Everything is still green on the K8s dashboard, but they don't respond to HTTP requests and kubectl exec fails.
All the linux pods still work.
I created a new deployment with the exact same image and other properties, and this new pod works, responds to HTTP and kubectl exec works.
Q: How can I find out why my old pods died?
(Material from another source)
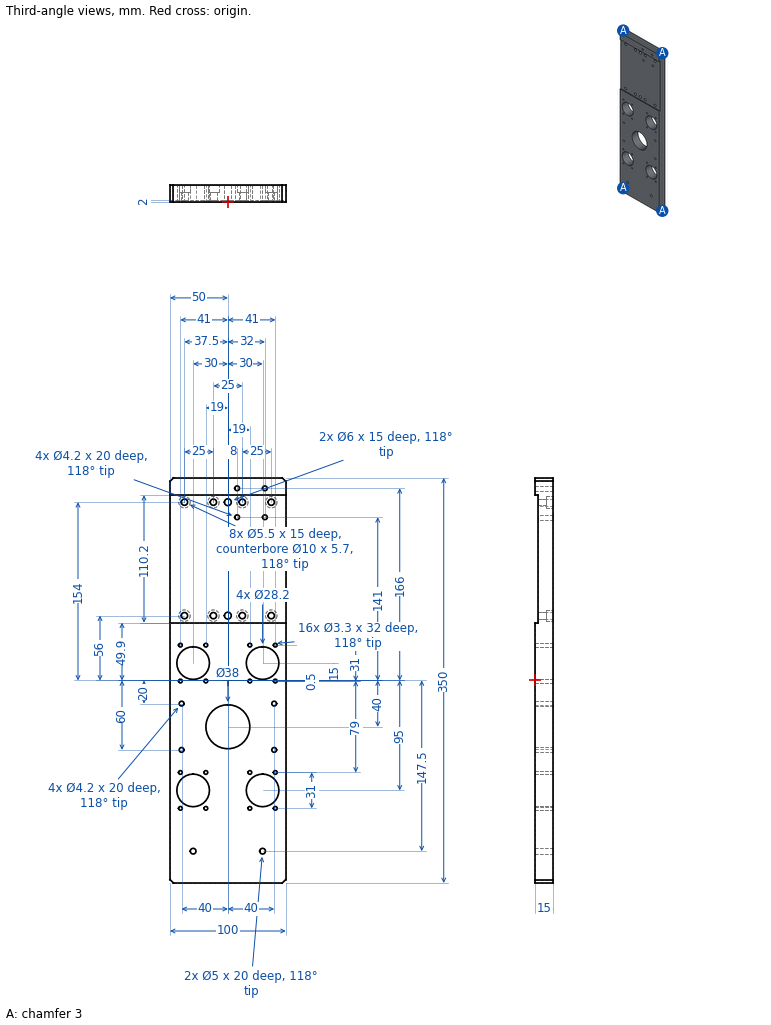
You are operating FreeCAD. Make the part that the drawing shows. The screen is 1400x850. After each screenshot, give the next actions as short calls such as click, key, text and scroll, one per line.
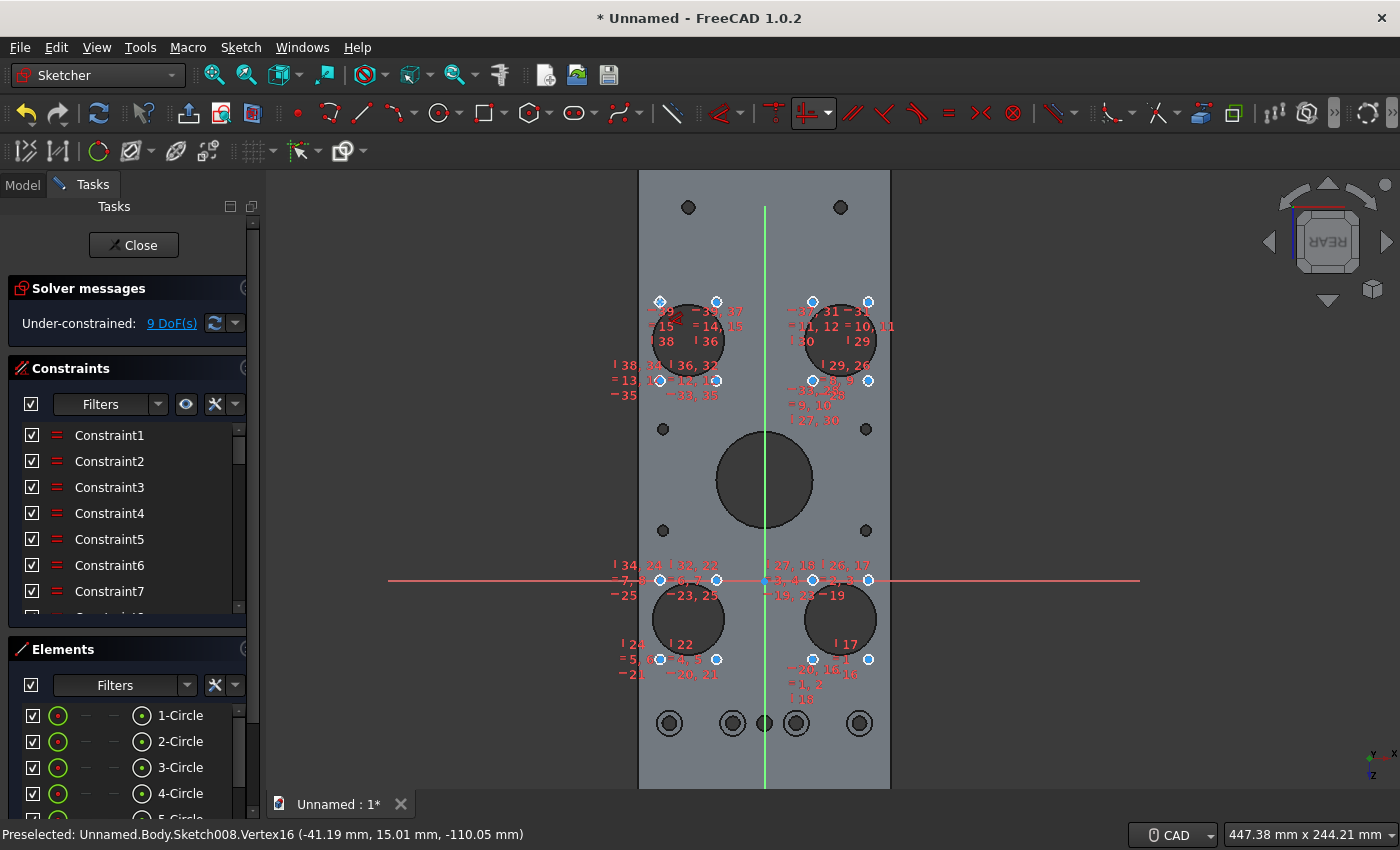
scroll(872, 663, up, 8)

How can I prevent this from occuring again in the future?
Note that this is a test cluster, so I have the luxury of being able to investigate, if this was prod I would have burned and recreated the cluster already.
Details:
https://aks-test.progress-cloud.com/eboswebApi/ is one of the old pods, https://aks-test.progress-cloud.com/eboswebApi2/ is the new pod.
When I look at the nginx log, I see a lot of connect() failed (111: Connection refused) while connecting to upstream.
When I try kubectl exec -it <podname> --namespace <namespace> -- cmd I get one of two behaviors:
Either the command immediatly returns without printing anything, or I get an error:
container 1dfffa08d834953c29acb8839ea2d4c6b78b7a530371d98c16b15132d49f5c52 encountered an error during CreateProcess: failure in a Windows system call: The remote procedure call failed and did not execute. (0x6bf) extra info: {"CommandLine":"cmd","WorkingDirectory":"C:\\inetpub\\wwwroot","Environment":{...},"EmulateConsole":true,"CreateStdInPipe":true,"CreateStdOutPipe":true,"ConsoleSize":[0,0]}
command terminated with exit code 126
kubectl describe pod works on both.
The only difference I could find was that on the old pod, I don't get any events:
Events: <none>
whereas on the new pod I get a bunch of them for pulling the image etc:
Events:
Type Reason Age From Message
---- ------ ---- ---- -------
Normal Scheduled 39m default-scheduler Successfully assigned ingress-basic/ebos-webapi-test-2-78786968f4-xmvfw to aksnpwin000000
Warning Failed 38m kubelet, aksnpwin000000 Error: failed to start container "ebos-webapi-test-2": Error response from daemon: hcsshim::CreateComputeSystem ebos-webapi-test-2: The binding handle is invalid.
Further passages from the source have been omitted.